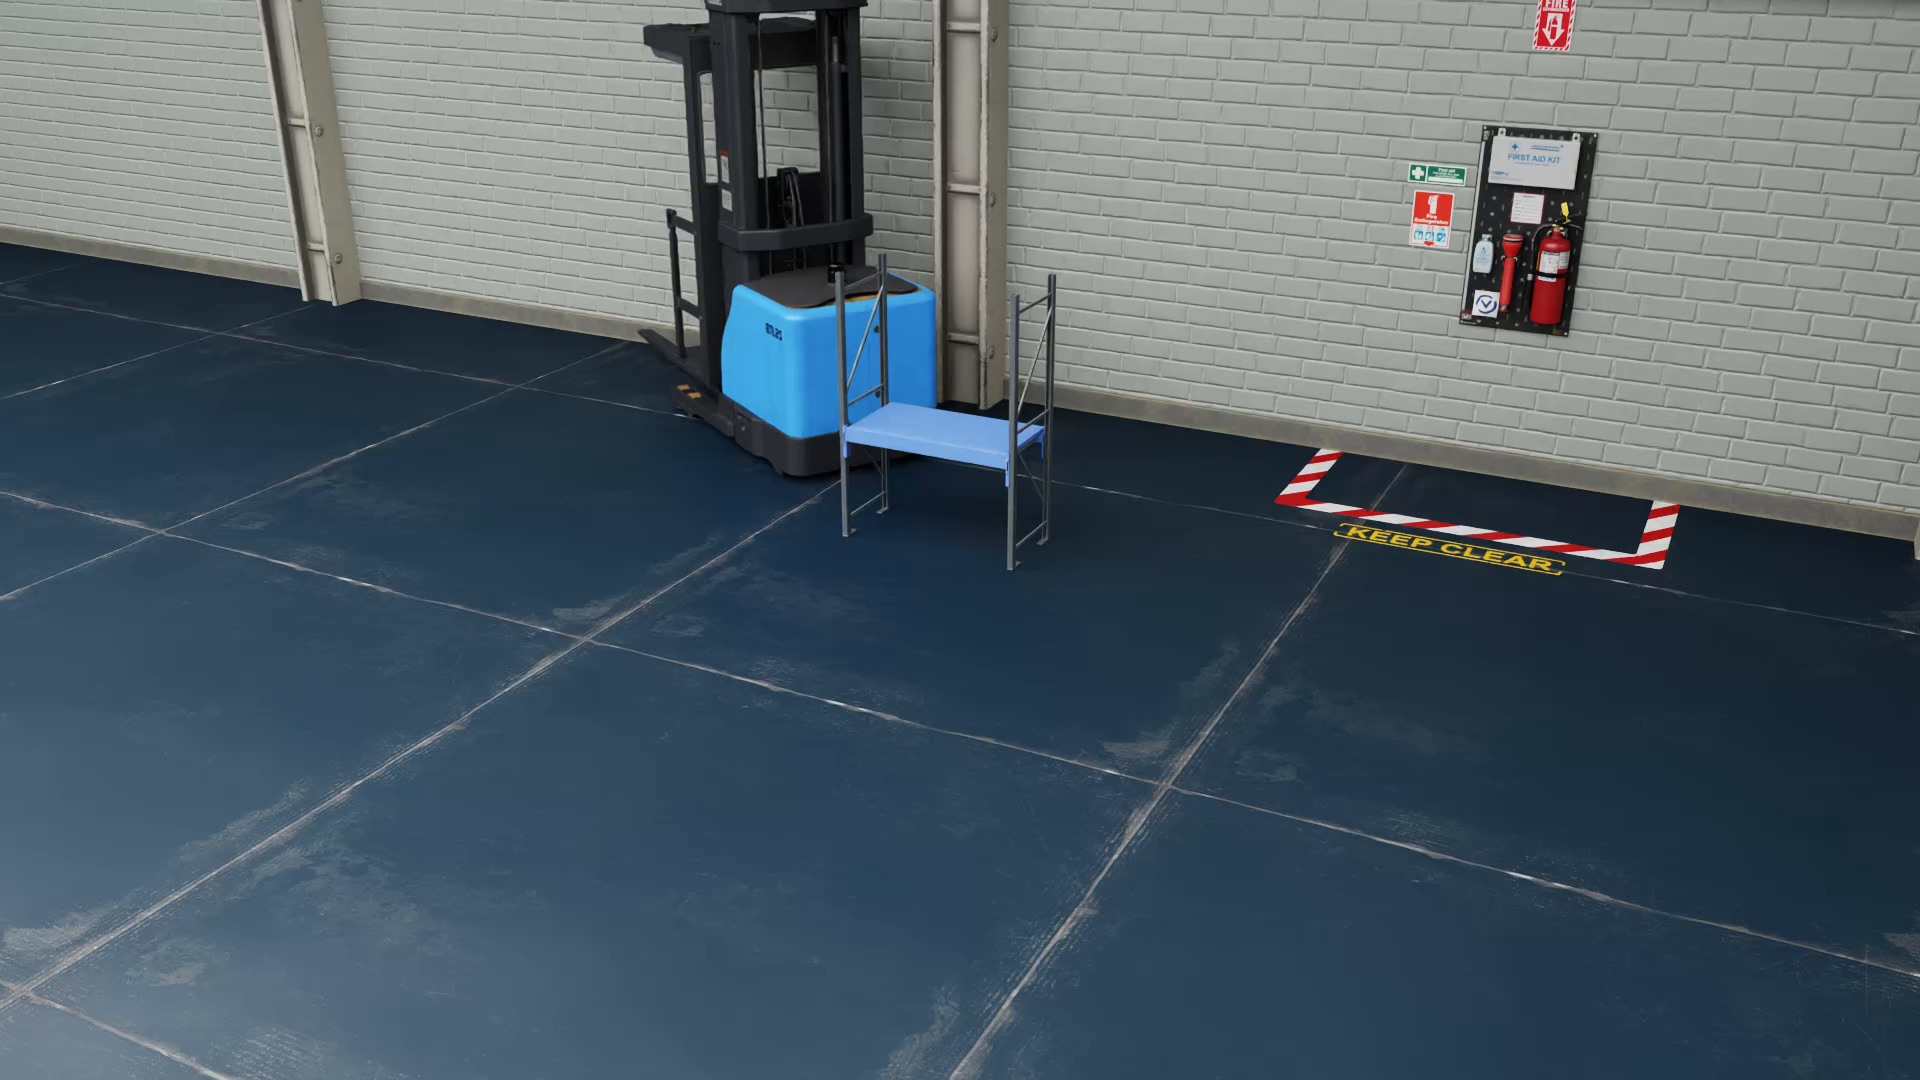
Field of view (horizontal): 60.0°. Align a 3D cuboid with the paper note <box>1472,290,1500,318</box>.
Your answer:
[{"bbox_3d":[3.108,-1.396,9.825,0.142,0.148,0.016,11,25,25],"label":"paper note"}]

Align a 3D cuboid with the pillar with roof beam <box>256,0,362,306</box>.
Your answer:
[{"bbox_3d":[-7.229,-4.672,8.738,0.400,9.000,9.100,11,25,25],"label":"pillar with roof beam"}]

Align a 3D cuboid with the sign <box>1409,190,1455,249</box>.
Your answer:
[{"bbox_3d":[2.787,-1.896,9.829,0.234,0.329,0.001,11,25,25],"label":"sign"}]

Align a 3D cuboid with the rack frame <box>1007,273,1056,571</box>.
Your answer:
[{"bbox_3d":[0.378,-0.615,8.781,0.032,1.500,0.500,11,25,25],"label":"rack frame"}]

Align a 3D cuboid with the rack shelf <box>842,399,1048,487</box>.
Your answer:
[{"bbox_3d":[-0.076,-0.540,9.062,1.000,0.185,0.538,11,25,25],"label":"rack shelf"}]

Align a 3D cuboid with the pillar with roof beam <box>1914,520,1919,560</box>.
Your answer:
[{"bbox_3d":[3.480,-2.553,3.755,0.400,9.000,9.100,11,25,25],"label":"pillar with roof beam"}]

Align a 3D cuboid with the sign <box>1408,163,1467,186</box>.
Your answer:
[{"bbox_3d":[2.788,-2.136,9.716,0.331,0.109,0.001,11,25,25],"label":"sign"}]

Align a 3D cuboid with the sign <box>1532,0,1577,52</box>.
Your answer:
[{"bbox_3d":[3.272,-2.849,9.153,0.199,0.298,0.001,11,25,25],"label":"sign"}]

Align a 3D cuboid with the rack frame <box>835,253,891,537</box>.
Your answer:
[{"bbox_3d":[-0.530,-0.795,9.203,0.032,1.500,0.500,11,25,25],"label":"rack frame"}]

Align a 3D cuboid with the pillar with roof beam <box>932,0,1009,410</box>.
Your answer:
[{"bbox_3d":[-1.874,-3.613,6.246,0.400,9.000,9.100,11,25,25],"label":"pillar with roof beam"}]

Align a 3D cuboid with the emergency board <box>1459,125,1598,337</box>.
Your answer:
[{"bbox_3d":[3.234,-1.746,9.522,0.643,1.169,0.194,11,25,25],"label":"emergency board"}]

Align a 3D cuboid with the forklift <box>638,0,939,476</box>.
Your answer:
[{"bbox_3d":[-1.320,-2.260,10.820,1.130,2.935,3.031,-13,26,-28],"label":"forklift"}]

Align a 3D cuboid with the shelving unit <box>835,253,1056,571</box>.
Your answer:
━━━━━━━━━━
Aim of the task ▸ Copy out only the lines above from the one with "Align a 3D cuboid with the rack shelf" to the one with "Align a 3D cuboid with the sign <box>1408,163,1467,186</box>.", inclusive, exactly as they stand.

Result ▸
Align a 3D cuboid with the rack shelf <box>842,399,1048,487</box>.
Your answer:
[{"bbox_3d":[-0.076,-0.540,9.062,1.000,0.185,0.538,11,25,25],"label":"rack shelf"}]

Align a 3D cuboid with the pillar with roof beam <box>1914,520,1919,560</box>.
Your answer:
[{"bbox_3d":[3.480,-2.553,3.755,0.400,9.000,9.100,11,25,25],"label":"pillar with roof beam"}]

Align a 3D cuboid with the sign <box>1408,163,1467,186</box>.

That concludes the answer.